Le rap s’est toujours voulu comme une musique d’engagement et de rébellion à l’égard des codes dominants. Si cette musique est longtemps apparue comme entachée de valeurs machistes et imprégnée de discours homophobes, les rappeurs pro-homos tentent alors d’exprimer des revendications identitaires nouvelles et davantage dans l’air du temps. A ce titre, de nombreux rappeurs gays, aux noms parfois poétiques, comme Deep Dickollective aux Etats Unis ou Gros K Libre en France, tentent de fusionner les messages volontairement subversifs de la communauté gay et du milieu rap/hip-hop.

Cantonnée auparavant à la sphère privée, l’homosexualité est entrée dans une logique éminemment subversive et est devenue depuis le début 70’s une affaire publique, débattue juridiquement, et dont les références culturelles se sont peu à peu multipliées. Cette popularité de la culture gay dans le milieu rap et hip hop, et cette imprégnation mutuelle de ces deux culturesunderground et marginales sont, certes, choses récentes, mais il semblait toutefois évident qu’un des derniers bastions machistes se retrouve également bercé par cette ambiance sociétale : celle de la libération des moeurs et de la chair, du souci du corps et des apparences chez les individus de tout sexe et de toute orientation sexuelle.
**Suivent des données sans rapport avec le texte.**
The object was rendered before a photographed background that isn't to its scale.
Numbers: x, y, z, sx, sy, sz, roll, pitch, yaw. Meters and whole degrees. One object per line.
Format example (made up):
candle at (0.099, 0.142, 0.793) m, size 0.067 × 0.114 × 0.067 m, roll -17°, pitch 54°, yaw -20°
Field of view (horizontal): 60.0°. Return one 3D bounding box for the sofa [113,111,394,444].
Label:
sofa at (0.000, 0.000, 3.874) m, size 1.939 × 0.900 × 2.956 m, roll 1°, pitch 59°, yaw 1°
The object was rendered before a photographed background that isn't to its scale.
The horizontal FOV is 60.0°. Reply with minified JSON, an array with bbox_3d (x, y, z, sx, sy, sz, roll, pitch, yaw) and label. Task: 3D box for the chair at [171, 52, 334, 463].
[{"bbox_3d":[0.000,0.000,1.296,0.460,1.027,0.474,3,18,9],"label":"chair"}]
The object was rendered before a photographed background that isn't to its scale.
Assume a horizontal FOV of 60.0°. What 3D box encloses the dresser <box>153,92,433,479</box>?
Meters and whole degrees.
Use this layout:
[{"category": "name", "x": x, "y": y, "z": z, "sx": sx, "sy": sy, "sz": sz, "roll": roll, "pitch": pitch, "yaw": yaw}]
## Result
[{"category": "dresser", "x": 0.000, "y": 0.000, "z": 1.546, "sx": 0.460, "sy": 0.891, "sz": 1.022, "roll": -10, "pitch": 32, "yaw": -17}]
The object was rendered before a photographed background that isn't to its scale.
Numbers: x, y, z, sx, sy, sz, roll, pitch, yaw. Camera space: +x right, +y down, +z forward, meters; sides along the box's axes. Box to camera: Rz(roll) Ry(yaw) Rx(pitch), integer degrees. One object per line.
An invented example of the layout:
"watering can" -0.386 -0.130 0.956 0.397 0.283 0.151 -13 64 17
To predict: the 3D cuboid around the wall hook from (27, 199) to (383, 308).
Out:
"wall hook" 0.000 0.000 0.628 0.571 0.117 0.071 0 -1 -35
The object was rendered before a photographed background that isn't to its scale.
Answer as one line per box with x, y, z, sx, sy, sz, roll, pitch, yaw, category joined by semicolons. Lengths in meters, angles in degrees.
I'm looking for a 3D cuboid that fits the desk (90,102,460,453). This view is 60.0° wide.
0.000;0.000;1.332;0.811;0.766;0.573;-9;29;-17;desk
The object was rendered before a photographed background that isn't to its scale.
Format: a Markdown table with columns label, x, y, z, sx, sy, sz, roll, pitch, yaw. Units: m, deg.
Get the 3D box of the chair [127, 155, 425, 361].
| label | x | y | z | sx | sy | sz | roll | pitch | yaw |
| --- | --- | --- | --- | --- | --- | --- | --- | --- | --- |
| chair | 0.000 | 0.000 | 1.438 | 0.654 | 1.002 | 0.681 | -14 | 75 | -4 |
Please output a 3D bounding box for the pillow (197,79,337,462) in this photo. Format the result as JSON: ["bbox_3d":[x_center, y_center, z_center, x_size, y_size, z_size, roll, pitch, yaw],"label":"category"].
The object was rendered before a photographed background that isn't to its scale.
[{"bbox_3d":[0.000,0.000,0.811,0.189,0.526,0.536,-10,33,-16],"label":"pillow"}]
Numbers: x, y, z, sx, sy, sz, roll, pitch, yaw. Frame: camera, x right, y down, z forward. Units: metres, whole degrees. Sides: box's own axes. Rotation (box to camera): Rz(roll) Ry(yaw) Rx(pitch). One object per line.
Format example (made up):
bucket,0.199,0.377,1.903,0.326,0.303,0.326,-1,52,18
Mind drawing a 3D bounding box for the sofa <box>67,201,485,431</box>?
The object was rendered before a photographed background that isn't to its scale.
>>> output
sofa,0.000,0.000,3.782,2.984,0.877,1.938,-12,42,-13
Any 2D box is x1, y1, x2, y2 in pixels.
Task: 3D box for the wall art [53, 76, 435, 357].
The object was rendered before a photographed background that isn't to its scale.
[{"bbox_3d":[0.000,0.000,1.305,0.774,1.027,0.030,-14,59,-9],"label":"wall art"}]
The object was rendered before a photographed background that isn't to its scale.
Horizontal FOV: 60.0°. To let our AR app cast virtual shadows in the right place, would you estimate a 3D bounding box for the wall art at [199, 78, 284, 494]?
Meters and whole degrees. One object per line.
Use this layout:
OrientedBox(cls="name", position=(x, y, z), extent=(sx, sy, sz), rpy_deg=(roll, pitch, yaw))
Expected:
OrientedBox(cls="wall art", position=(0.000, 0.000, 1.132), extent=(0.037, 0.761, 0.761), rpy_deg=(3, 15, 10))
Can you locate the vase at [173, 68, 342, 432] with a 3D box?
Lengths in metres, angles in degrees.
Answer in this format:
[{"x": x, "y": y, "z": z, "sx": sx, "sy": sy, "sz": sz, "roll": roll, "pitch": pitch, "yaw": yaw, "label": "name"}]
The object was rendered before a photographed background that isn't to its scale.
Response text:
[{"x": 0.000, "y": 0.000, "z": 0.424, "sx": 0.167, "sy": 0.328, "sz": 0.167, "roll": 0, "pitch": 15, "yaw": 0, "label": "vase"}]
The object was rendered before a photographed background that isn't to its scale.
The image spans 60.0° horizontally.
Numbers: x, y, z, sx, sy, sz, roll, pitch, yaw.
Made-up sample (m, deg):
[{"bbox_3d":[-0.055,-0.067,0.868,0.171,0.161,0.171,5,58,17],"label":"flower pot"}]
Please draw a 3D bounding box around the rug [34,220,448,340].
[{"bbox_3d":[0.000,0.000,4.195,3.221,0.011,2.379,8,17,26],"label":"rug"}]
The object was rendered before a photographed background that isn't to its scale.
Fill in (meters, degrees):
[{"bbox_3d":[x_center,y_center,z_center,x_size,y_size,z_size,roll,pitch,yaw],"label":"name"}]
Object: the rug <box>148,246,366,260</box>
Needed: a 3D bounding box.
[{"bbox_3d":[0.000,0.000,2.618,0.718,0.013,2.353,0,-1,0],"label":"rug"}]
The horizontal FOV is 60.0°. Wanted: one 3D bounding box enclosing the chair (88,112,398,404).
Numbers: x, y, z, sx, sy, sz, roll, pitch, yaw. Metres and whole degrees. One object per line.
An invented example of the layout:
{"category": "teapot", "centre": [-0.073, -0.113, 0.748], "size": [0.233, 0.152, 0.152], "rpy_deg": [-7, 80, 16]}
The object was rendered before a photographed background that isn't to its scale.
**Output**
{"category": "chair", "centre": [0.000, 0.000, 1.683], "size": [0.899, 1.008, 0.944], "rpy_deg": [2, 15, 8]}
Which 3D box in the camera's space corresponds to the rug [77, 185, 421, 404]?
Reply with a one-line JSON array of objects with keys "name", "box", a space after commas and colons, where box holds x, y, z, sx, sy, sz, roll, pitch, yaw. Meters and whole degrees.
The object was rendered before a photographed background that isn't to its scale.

Si le rap, à ses débuts, était porteur d’un message revendicatif,original et contestataire, se retrouvant par là même stigmatisé, il est également devenu un instrument de la consécration de l’ordre établi, consolidé par cet intégration des « en-dehors », comme le constatait Bakounine. Empris désormais dans une logique éminemment commerciale et lucrative, de la même façon que l’a été la culture gay lors de sa démocratisation et de sa récupération par la mode et les médias, le rap semble se détourner de ses codes originels et intégrer un nouveau champ de possibles. Ainsi, loin d’être antinomiques comme l’on aurait pu le croire, rap et homosexualité partagent en fait de nombreux points communs en tant que formes de rébellions caractéristiques de notre socialité contemporaine.